C. MAKSUD DAN TUJUAN

Tujuan Peningkatan Kapasitas Aparatur Pemerintahan Desa, adalah:

  1. Tujuan Umum

Untuk meningkatkan pengetahuan, sikap dan keterampilan aparatur pemerintah desa agar dalam pelaksanaan tugas dan fungsinya dapat lebih berdayaguna dan berhasilguna.

  1. Tujuan Khusus

 Setelah mengikuti kegiatan, diharapkan peserta memiliki kemampuan sebagai berikut

  • Memahami manajemen pemerintahan desa.
  • Memahami tentang Kearifan Lokal dan Pelestarian Lingkungan Hidup
  • Terampil dalam penyusunan perencanaan pembangunan desa
  • Terampil dalam pengelolaan keuangan desa.
  • Terampil menyusun Rencana Kerja Tindak Lanjut (RKTL) suatu kegiatan.
  • Memiliki keterampilan, sikap dan Ilmu pengetahuan yang setara dengan SD (Paket A), SMP (paket B) dan SMA (paket C)

D. HASIL KEGIATAN

Hari/Tanggal : 25 s/d 28 Juli 2016
Nama Kegiatan : Peningkatan Kapasitas Perangkat Desa dan Masyarakat Melalui Program Paket A, Paket B dan Paket C Gelombang Ke 1
Keterangan : Tempat Pelaksanaan di Aula PKBM az zahra. Acara di buka oleh Kabid PLS Dinas Dikpora Kab. Kepahiang.

Peserta yang hadir sebanyak 33 Orang. Narasumber berjumlah 10 orang berasal dari Tutor-Tutor di PKBM Az zahra Kepahiang.

Dokumentasi

Hari/Tanggal : 11 s/d 14 Agustus 2016
Nama Kegiatan : Peningkatan Kapasitas Perangkat Desa dan Masyarakat Melalui Program Paket A, Paket B dan Paket C Gelombang Ke 2
Keterangan : Tempat Pelaksanaan di Balai Desa Mekar Sari Kecamatan Kabawetan. Acara di buka langsung oleh Kabid PLS Dinas Dikpora Kab. Kepahiang dan di hadiri oleh Camat Kabawetan.

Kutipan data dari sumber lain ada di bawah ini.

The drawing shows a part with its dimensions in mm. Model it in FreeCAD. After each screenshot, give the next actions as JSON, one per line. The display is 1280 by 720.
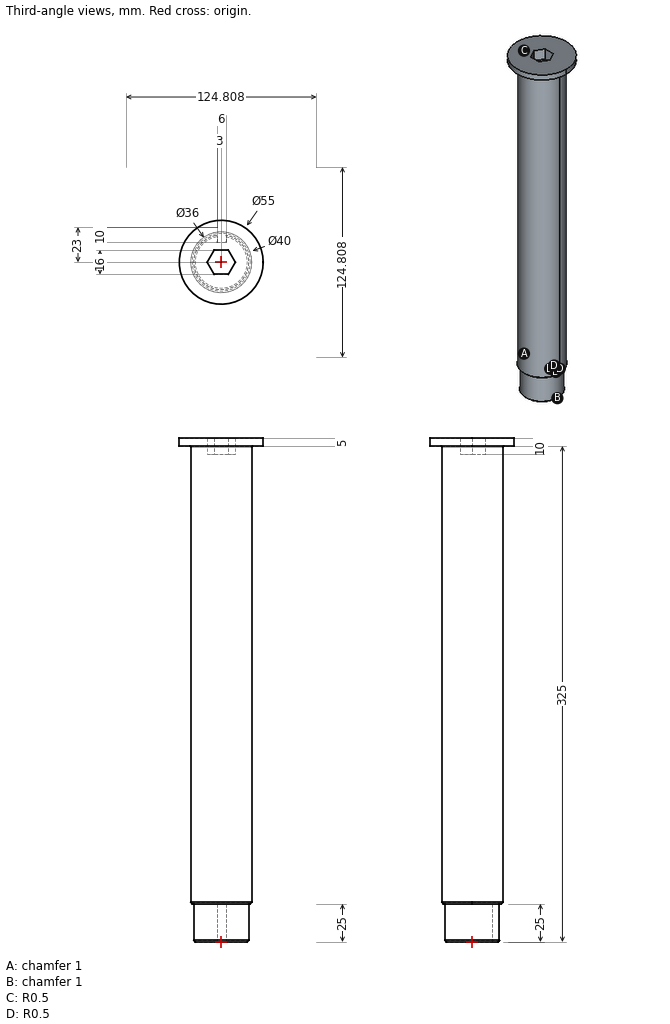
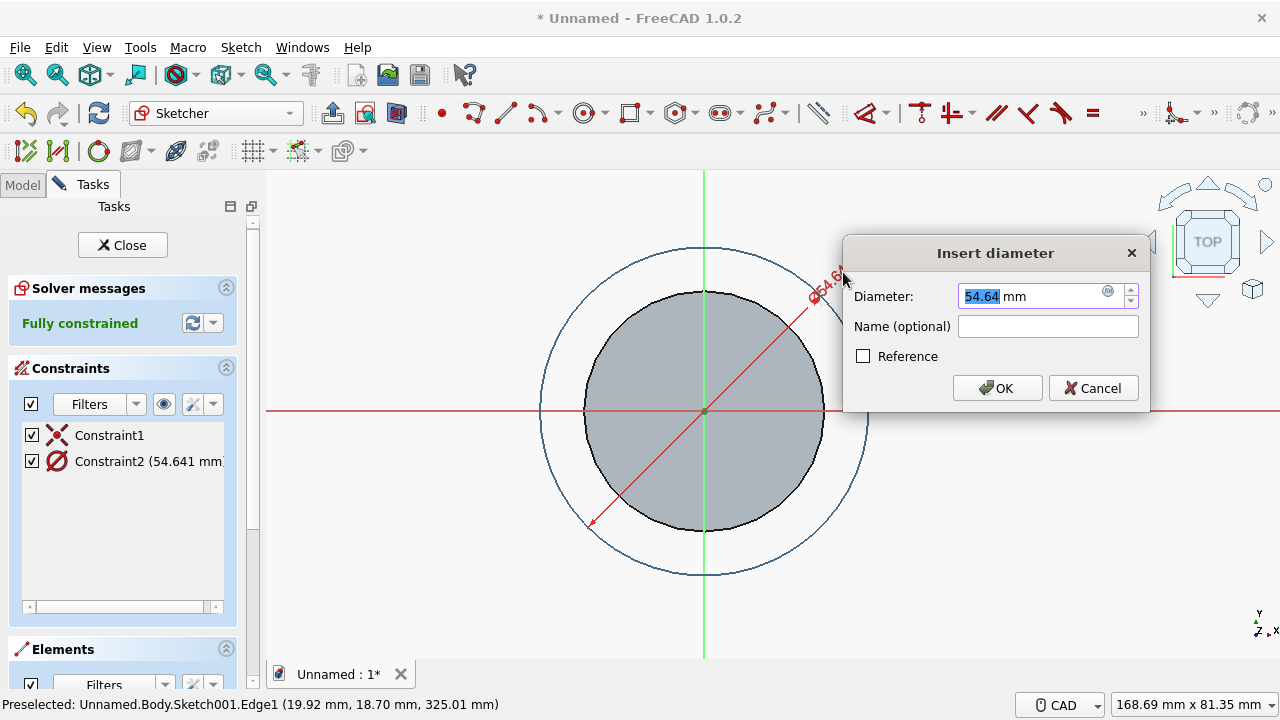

Peserta yang hadir sebanyak 23 Orang. .

  Dokumentasi

 

 E. PENUTUP

Keberhasilan sebuah program selain ditentukan melalui pemantapan sasaran juga melalui kerjasama yang baik antara pihak-pihak yang terkait, artinya laporan kegiatan ini adalah sebagai bahan pengambil kebijakan bagi mitra kerja khususnya instansi pemerintah yang berhubungan dengan program ini.Atas segala perhatian dan kerjasamanya, kami sampaikan terimakasih.